Черная невеста

22
18
20
22
24
26
28
30

Аделина Голдфинч рассматривала дочь пристально, хмуря брови. Ее губы шевелились, произнося неслышимые слова, а пальцы протянутой руки легонько дергались. Флоренс стало страшно. Взгляд матушки был совсем не материнским, нет, и даже не тем, с которым разглядывают того, кого пытаются вспомнить. Скорее матушка старалась запомнить ее, жадно впитать каждую деталь: оттенок и фасон платья, блеск волос на солнце, игру света на лице и плечах, – в общем, смотрела так, как отец иногда смотрел на вазы с цветами или на разложенные для этюда фрукты. Или на саму Аделину, когда она позировала ему.

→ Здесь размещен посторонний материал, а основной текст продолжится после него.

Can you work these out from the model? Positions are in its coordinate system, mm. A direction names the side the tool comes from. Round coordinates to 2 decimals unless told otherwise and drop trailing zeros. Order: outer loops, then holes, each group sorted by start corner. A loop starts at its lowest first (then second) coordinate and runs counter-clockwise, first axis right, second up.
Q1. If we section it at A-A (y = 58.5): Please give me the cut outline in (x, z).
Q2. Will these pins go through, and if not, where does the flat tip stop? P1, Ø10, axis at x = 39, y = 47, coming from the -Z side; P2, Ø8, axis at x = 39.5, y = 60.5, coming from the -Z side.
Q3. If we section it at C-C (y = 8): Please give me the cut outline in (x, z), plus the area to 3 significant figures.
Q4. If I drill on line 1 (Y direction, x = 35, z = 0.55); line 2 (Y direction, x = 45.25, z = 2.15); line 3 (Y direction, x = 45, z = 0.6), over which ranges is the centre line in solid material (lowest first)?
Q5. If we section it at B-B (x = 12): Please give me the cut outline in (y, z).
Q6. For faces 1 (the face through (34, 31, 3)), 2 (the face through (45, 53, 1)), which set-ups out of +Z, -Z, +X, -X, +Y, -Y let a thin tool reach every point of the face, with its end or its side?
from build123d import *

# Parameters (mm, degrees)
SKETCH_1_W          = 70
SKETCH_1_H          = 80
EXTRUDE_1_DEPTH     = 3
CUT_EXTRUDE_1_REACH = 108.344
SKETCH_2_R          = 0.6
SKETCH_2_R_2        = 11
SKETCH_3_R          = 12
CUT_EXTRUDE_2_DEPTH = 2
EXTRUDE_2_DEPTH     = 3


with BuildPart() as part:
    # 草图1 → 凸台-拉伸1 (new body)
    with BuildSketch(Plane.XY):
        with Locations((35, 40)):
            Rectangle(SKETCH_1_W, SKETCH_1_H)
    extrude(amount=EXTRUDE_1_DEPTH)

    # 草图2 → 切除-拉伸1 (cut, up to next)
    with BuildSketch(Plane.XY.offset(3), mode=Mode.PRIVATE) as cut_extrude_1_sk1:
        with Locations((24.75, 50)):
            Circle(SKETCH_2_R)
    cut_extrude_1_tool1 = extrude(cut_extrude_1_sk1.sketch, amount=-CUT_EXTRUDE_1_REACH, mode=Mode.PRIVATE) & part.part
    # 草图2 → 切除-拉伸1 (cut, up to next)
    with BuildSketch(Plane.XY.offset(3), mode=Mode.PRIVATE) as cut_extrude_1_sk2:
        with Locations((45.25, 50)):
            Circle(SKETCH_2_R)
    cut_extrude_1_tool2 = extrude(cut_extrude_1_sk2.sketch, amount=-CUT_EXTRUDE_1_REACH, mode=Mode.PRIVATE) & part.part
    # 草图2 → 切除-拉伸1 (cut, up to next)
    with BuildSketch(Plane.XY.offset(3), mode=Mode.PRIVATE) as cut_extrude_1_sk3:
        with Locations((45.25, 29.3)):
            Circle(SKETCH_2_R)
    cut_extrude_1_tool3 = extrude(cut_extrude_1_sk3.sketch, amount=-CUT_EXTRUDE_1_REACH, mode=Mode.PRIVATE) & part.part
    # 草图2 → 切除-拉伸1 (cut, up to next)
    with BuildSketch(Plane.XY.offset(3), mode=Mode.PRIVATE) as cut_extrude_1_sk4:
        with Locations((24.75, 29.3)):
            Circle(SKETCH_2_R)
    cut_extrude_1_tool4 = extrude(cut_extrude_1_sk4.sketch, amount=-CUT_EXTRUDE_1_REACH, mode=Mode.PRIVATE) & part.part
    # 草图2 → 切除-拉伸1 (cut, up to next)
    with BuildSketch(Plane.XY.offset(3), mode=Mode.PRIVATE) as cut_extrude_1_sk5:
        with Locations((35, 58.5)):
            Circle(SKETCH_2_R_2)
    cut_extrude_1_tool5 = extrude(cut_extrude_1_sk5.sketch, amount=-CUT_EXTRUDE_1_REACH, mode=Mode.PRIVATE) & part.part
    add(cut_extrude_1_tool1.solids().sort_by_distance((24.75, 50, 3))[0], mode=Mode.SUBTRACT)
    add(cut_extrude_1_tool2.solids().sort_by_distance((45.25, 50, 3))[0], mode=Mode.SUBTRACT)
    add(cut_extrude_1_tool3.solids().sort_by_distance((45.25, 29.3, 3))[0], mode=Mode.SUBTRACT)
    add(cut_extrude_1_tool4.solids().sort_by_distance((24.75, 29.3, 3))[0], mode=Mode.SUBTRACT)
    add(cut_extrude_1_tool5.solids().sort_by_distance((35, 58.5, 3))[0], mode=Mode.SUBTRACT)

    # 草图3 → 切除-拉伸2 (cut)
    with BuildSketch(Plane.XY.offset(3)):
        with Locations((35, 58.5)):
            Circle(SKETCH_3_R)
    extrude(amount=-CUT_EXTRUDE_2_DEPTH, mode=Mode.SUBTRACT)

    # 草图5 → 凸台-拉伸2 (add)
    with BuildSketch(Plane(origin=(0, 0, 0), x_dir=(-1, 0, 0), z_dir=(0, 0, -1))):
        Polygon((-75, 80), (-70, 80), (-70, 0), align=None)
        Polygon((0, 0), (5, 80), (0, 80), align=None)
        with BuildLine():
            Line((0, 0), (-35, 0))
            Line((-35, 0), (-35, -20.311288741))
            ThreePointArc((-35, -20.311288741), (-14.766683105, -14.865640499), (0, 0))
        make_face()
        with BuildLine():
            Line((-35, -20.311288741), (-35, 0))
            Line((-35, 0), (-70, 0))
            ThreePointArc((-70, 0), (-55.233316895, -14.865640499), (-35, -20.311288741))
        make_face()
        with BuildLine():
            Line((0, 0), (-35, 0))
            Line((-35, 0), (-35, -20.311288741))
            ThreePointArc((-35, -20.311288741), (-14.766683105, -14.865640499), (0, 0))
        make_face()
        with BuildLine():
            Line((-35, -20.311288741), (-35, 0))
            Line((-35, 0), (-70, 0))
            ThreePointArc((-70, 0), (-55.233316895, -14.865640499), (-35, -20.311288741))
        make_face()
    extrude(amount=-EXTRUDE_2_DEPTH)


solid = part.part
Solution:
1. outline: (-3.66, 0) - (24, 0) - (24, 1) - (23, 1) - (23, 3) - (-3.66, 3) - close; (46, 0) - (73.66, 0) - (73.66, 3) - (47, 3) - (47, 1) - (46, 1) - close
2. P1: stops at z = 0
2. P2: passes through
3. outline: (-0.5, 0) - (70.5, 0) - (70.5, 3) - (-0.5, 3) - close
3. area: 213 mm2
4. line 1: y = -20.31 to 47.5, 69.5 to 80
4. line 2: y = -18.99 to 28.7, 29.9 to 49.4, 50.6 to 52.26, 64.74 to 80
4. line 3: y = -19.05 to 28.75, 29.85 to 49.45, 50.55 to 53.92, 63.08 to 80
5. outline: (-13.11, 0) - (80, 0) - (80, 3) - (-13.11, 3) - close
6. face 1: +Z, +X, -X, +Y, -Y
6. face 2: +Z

Да, Флоренс тогда была маленькой, но уже в том возрасте, когда многое замечаешь и понимаешь, если что-то не так. Однажды она даже спросила у отца, почему его лицо становится таким… незнакомым, и он сказал, что просто внимательно смотрит на мир, пытаясь разобраться, как устроены вещи.

В глазах Аделины, потерявших цвет, как рисунок, слишком долго пролежавший на солнце, осмысленности было не больше, чем во взгляде младенца.

Сестра Саманта ворковала над ней: принесла откуда-то планшет со стопкой бумаги и угольный карандаш, вручила это Аделине, несмотря на хмурый взгляд лорда Силбера, и наблюдала с воодушевлением за тем, как на бумаге проступают неясные, по-детски неловкие линии.

Назад они выехали чуть за полдень, в самую жару, пусть и не такую жестокую, как месяц назад. Флоренс смотрела в окно на яблони и работниц, на зеленые заграждения и каменные стены, и на душе было мерзко, словно кто-то провел по ней скисшей половой тряпкой.

Дядя тоже молчал. Он был недоволен – и тем, что вернувшееся сознание Аделины было не Аделиной вовсе, и общением с сестрой Самантой.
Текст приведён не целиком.